DATA BLOCK:

- Opening Delimiter -

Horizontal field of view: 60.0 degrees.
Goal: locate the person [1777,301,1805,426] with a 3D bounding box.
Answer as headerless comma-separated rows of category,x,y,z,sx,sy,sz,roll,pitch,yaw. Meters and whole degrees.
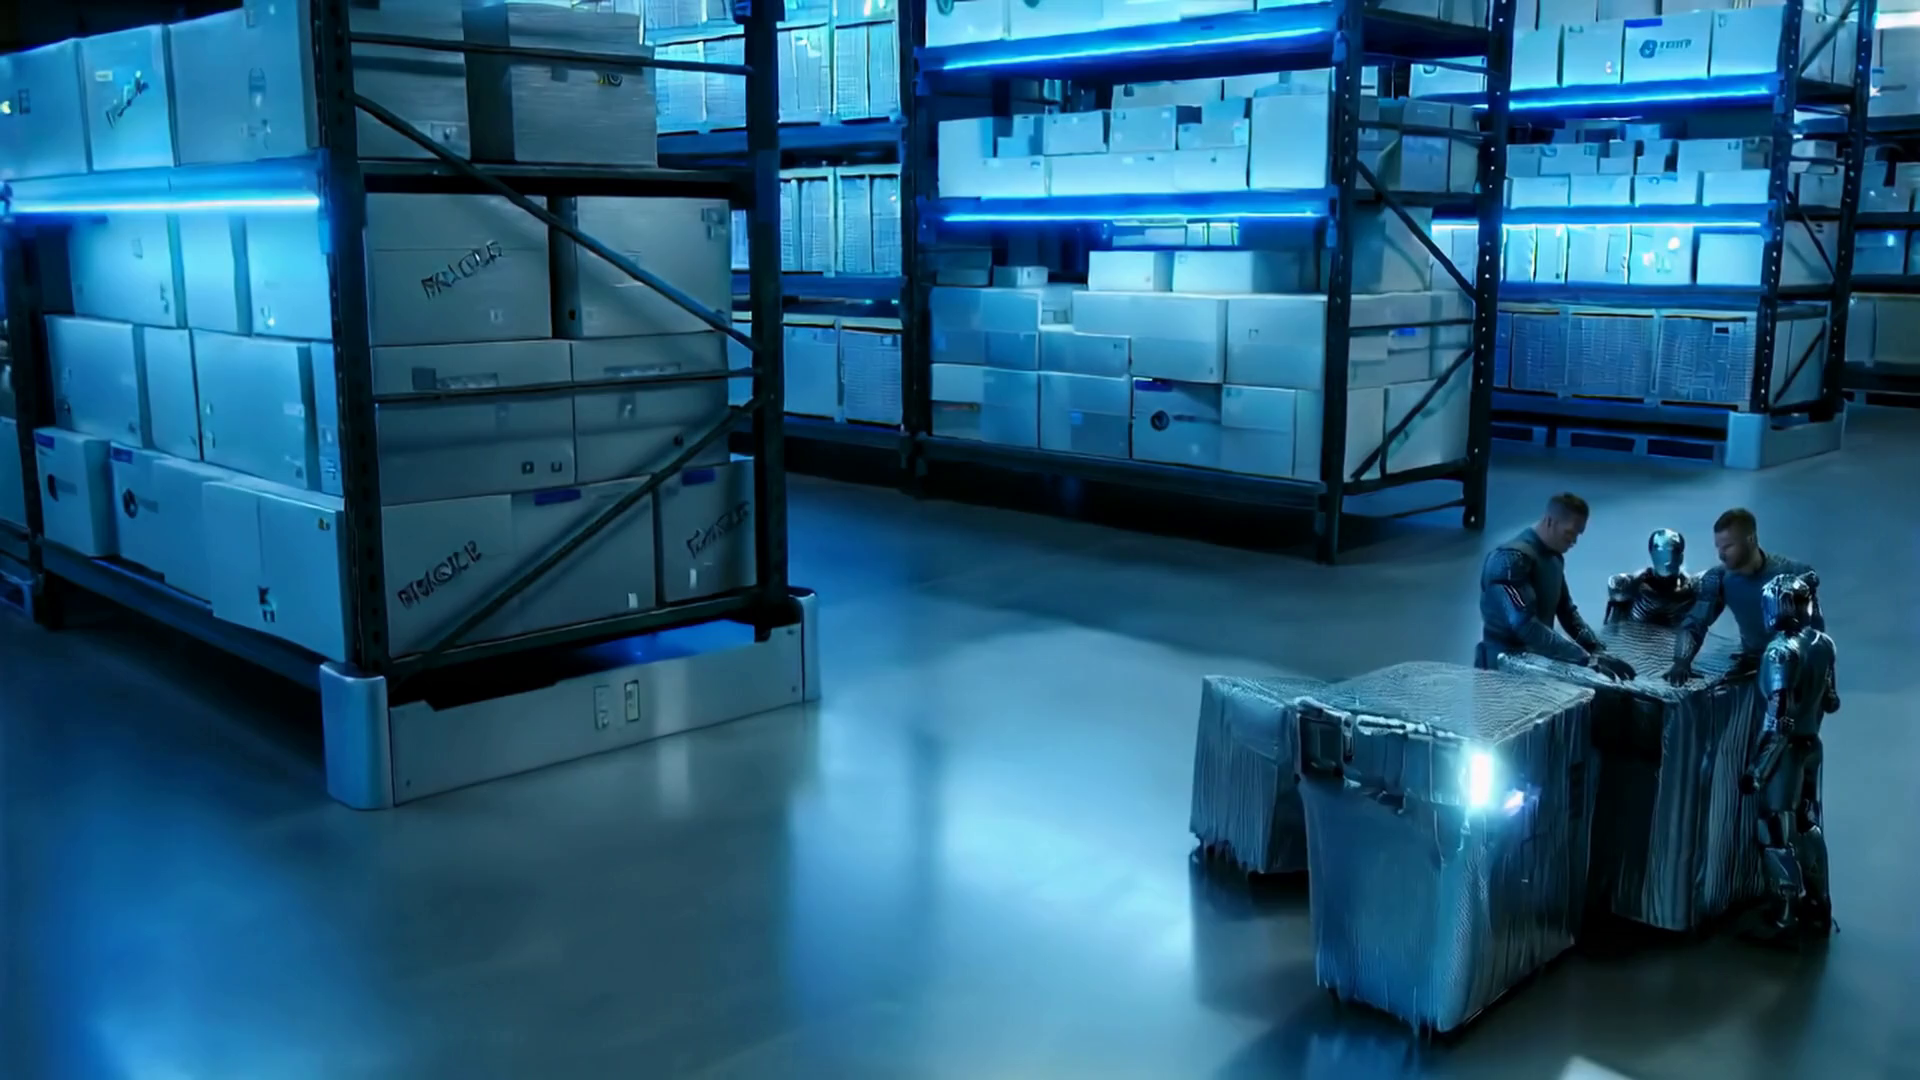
person,8.687,-2.017,17.793,0.640,1.804,0.826,-9,14,-41

- Closing Delimiter -

PROBLEM TO SOLVE: Drop the pictures and reproduce the rest of the data exactly.

EXERCISE ANSWER:
Horizontal field of view: 60.0 degrees.
Goal: locate the person [1777,301,1805,426] with a 3D bounding box.
Answer as headerless comma-separated rows of category,x,y,z,sx,sy,sz,roll,pitch,yaw. Meters and whole degrees.
person,8.687,-2.017,17.793,0.640,1.804,0.826,-9,14,-41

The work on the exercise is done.